**Task objective:** Return all the entries below exactly, except for the images they hold.

[Stored dataset items]
______________________________
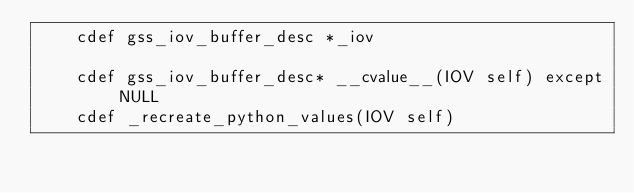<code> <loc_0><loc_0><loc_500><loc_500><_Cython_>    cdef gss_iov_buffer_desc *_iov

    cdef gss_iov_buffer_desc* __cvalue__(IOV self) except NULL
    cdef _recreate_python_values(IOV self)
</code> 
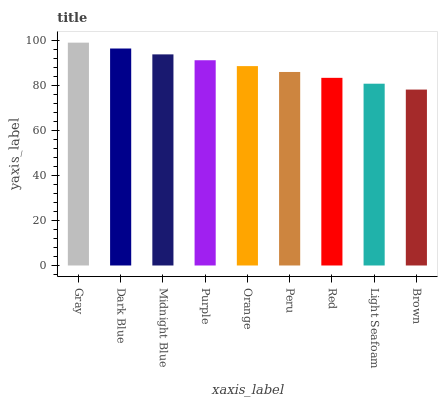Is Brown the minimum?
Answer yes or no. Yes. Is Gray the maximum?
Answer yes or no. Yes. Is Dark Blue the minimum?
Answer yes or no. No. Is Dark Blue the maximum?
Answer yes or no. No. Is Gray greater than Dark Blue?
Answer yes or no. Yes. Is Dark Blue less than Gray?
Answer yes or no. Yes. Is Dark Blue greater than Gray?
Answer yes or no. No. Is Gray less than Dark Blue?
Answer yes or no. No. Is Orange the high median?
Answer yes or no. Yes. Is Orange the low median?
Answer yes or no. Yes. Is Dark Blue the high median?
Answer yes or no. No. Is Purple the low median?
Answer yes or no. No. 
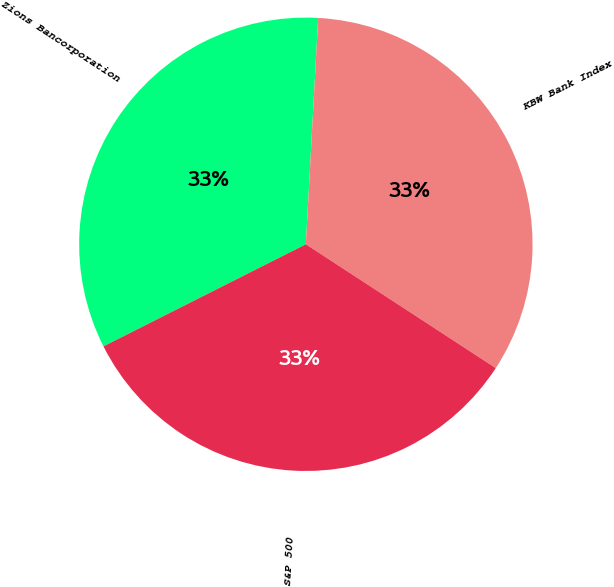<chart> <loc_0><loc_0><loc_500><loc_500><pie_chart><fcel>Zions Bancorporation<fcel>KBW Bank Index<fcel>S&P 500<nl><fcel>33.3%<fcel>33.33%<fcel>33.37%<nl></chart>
______________________________
**Solution below:**
<code> <loc_0><loc_0><loc_500><loc_500><_Cython_>    cdef gss_iov_buffer_desc *_iov

    cdef gss_iov_buffer_desc* __cvalue__(IOV self) except NULL
    cdef _recreate_python_values(IOV self)
</code> 
Is Brown the minimum?
Answer yes or no. Yes. Is Gray the maximum?
Answer yes or no. Yes. Is Dark Blue the minimum?
Answer yes or no. No. Is Dark Blue the maximum?
Answer yes or no. No. Is Gray greater than Dark Blue?
Answer yes or no. Yes. Is Dark Blue less than Gray?
Answer yes or no. Yes. Is Dark Blue greater than Gray?
Answer yes or no. No. Is Gray less than Dark Blue?
Answer yes or no. No. Is Orange the high median?
Answer yes or no. Yes. Is Orange the low median?
Answer yes or no. Yes. Is Dark Blue the high median?
Answer yes or no. No. Is Purple the low median?
Answer yes or no. No. 
<chart> <loc_0><loc_0><loc_500><loc_500><pie_chart><fcel>Zions Bancorporation<fcel>KBW Bank Index<fcel>S&P 500<nl><fcel>33.3%<fcel>33.33%<fcel>33.37%<nl></chart>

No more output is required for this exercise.